The response should contain only those lines of the entries below that include the string "frame".
────────
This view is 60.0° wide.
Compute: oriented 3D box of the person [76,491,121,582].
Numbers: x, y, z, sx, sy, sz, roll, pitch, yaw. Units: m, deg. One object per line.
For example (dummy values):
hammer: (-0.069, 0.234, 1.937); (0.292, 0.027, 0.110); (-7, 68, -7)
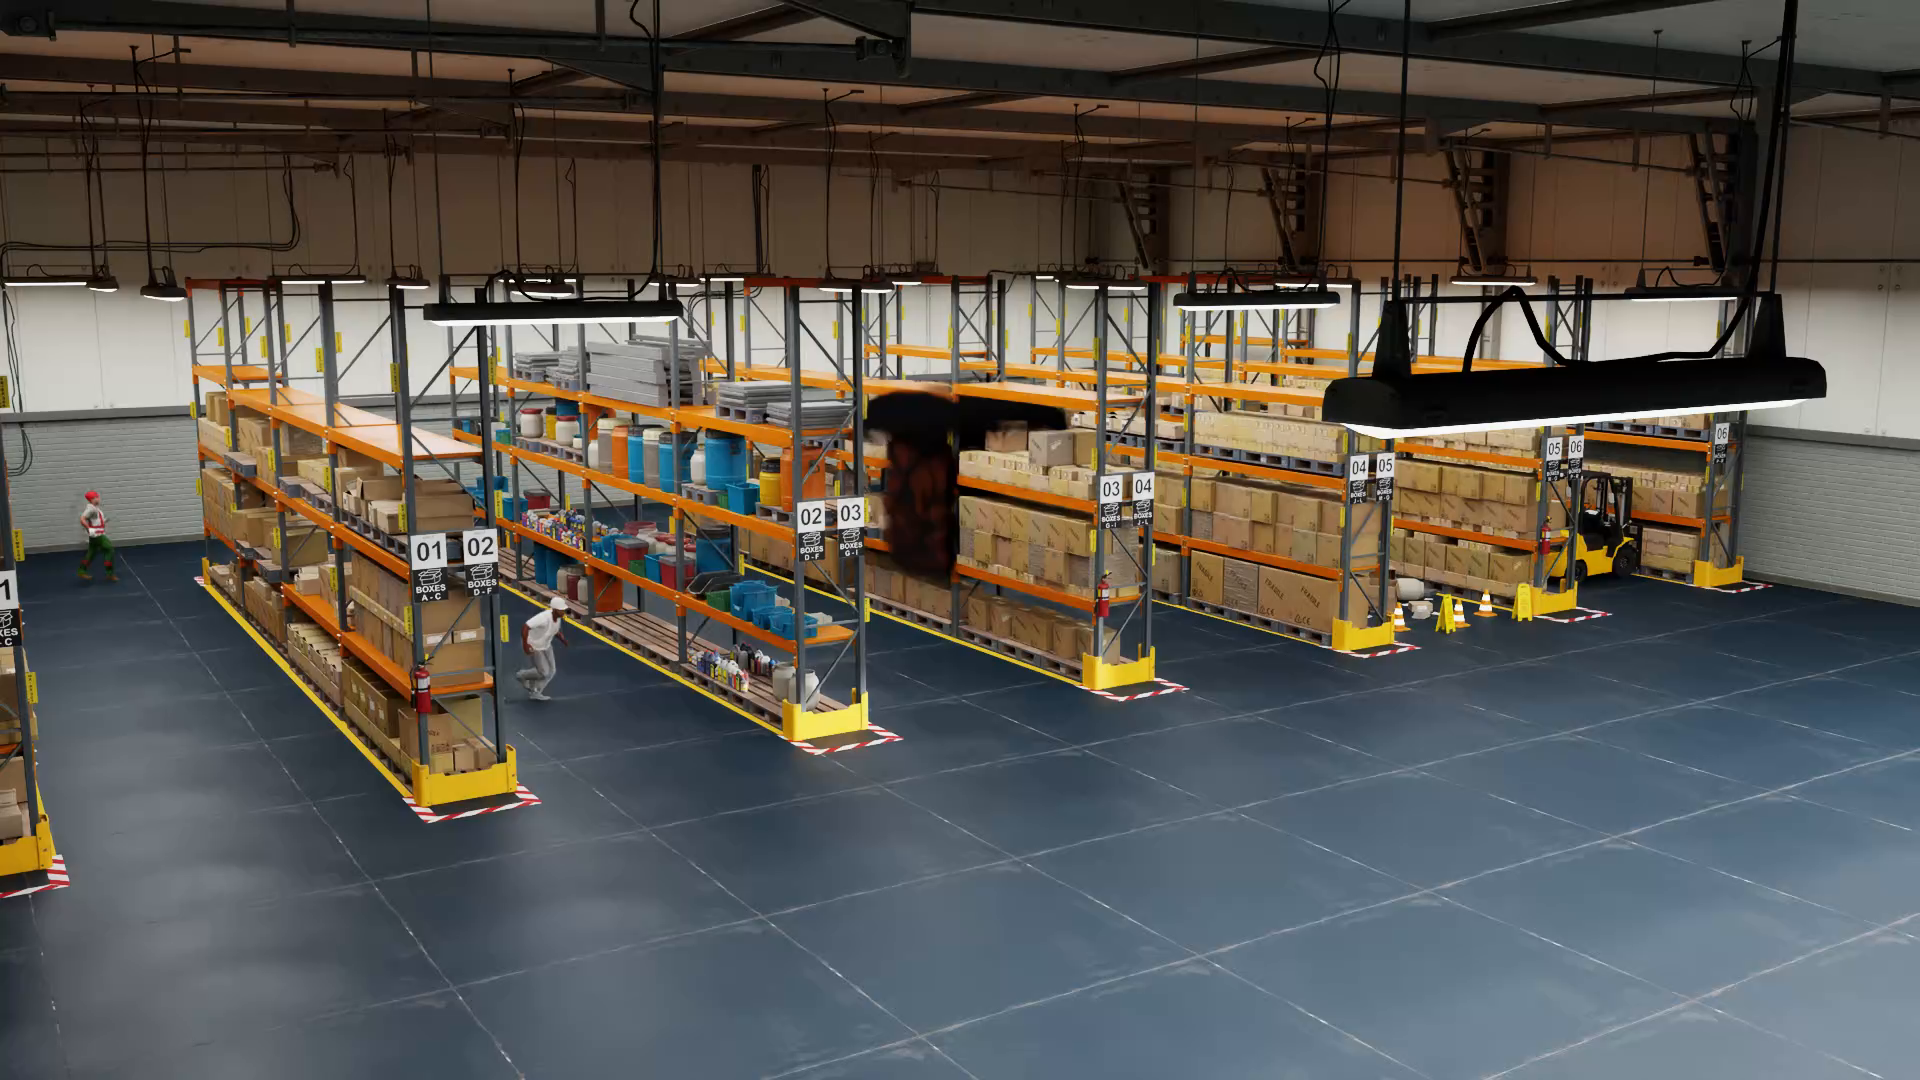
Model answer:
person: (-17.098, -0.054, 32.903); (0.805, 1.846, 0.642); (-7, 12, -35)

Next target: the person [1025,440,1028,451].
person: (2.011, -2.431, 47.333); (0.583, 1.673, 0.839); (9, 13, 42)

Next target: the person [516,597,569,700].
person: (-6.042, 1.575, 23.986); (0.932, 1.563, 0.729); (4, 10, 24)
────────
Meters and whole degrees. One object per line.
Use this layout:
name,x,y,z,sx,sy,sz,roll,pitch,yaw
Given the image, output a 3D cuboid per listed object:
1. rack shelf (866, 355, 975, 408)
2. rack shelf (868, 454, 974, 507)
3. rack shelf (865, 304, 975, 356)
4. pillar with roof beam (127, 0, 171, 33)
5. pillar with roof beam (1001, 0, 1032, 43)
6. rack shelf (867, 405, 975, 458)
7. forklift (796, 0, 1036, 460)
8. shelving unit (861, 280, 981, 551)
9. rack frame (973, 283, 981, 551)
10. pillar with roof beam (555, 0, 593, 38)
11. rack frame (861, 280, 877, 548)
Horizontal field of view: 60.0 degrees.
────────
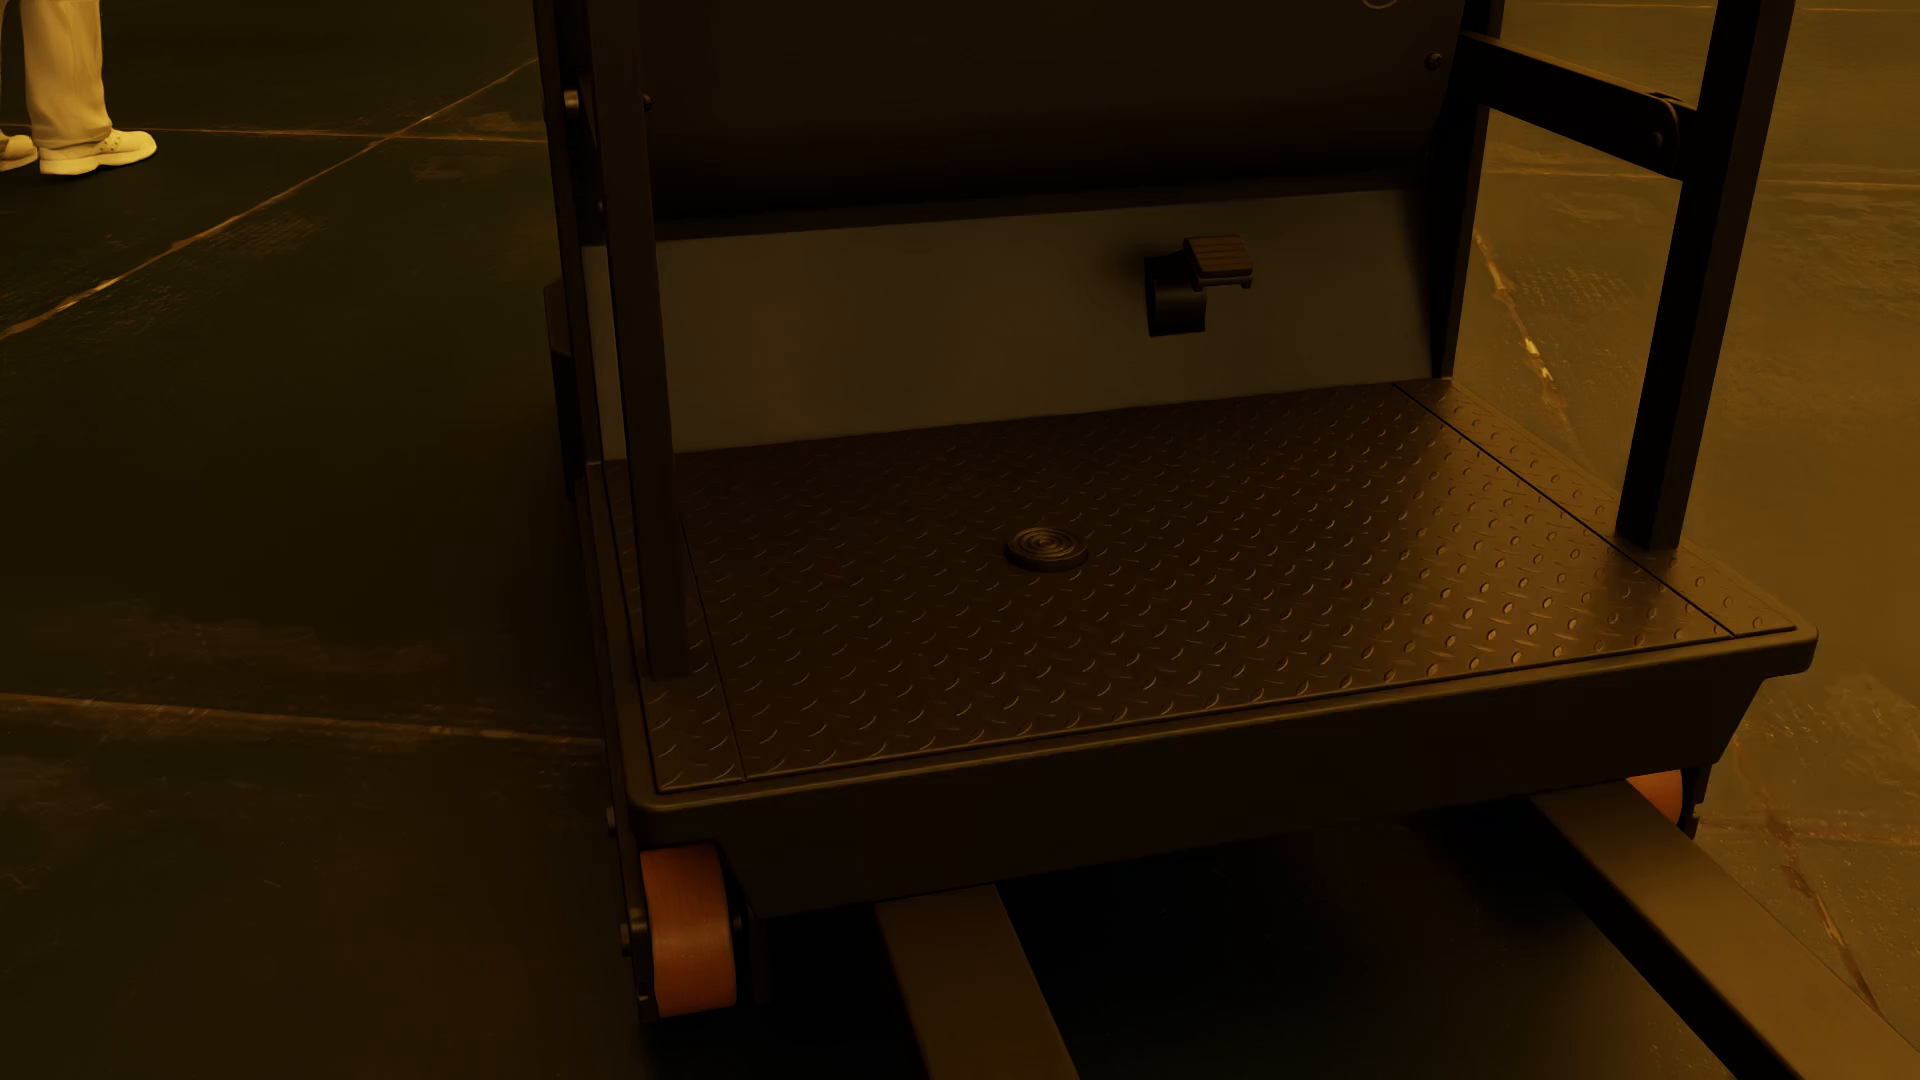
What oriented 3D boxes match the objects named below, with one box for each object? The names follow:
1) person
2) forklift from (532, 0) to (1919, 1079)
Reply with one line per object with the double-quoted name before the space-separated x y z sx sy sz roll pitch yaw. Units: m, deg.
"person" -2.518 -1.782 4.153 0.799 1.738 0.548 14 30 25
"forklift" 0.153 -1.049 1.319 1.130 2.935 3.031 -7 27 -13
────────
→ **Your solution**:
9. rack frame (973, 283, 981, 551)
11. rack frame (861, 280, 877, 548)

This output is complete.